[Items from a data source]
_ _ _ _ _ _ _
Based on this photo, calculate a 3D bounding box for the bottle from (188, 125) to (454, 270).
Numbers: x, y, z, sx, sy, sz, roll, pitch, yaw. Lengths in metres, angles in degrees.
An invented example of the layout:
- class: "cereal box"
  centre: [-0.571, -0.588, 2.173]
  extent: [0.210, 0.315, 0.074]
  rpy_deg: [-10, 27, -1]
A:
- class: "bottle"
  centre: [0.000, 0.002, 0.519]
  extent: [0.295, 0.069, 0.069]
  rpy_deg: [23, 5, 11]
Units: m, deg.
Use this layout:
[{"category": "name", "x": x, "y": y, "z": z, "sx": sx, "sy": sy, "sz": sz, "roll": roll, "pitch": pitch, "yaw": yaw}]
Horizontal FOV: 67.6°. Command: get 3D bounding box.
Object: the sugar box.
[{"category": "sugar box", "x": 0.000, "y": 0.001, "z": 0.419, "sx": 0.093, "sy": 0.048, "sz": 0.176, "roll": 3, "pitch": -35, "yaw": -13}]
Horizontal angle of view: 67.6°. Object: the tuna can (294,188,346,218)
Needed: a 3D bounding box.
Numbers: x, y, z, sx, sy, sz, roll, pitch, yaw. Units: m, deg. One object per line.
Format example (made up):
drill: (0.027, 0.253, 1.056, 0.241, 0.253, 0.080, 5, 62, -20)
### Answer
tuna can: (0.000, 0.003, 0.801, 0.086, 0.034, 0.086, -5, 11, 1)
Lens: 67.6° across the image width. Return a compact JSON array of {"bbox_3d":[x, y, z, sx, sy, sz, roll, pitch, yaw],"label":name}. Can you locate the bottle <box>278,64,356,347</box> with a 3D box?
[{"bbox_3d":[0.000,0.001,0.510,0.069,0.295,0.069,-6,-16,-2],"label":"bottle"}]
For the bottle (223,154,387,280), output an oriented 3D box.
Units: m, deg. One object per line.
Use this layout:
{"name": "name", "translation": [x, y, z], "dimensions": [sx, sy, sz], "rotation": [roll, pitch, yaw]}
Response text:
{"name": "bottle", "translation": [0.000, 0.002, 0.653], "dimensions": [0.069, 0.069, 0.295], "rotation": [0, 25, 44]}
_ _ _ _ _ _ _
TASK ITEM:
Transcribe the data exactly.

RESULT OF THE TASK:
Based on this photo, calculate a 3D bounding box for the bottle from (188, 125) to (454, 270).
Numbers: x, y, z, sx, sy, sz, roll, pitch, yaw. Lengths in metres, angles in degrees.
An invented example of the layout:
- class: "cereal box"
  centre: [-0.571, -0.588, 2.173]
  extent: [0.210, 0.315, 0.074]
  rpy_deg: [-10, 27, -1]
A:
- class: "bottle"
  centre: [0.000, 0.002, 0.519]
  extent: [0.295, 0.069, 0.069]
  rpy_deg: [23, 5, 11]
Units: m, deg.
Use this layout:
[{"category": "name", "x": x, "y": y, "z": z, "sx": sx, "sy": sy, "sz": sz, "roll": roll, "pitch": pitch, "yaw": yaw}]
Horizontal FOV: 67.6°. Command: get 3D bounding box.
Object: the sugar box.
[{"category": "sugar box", "x": 0.000, "y": 0.001, "z": 0.419, "sx": 0.093, "sy": 0.048, "sz": 0.176, "roll": 3, "pitch": -35, "yaw": -13}]
Horizontal angle of view: 67.6°. Object: the tuna can (294,188,346,218)
Needed: a 3D bounding box.
Numbers: x, y, z, sx, sy, sz, roll, pitch, yaw. Units: m, deg. One object per line.
Format example (made up):
drill: (0.027, 0.253, 1.056, 0.241, 0.253, 0.080, 5, 62, -20)
### Answer
tuna can: (0.000, 0.003, 0.801, 0.086, 0.034, 0.086, -5, 11, 1)
Lens: 67.6° across the image width. Return a compact JSON array of {"bbox_3d":[x, y, z, sx, sy, sz, roll, pitch, yaw],"label":name}. Can you locate the bottle <box>278,64,356,347</box> with a 3D box?
[{"bbox_3d":[0.000,0.001,0.510,0.069,0.295,0.069,-6,-16,-2],"label":"bottle"}]
For the bottle (223,154,387,280), output an oriented 3D box.
Units: m, deg. One object per line.
Use this layout:
{"name": "name", "translation": [x, y, z], "dimensions": [sx, sy, sz], "rotation": [roll, pitch, yaw]}
Response text:
{"name": "bottle", "translation": [0.000, 0.002, 0.653], "dimensions": [0.069, 0.069, 0.295], "rotation": [0, 25, 44]}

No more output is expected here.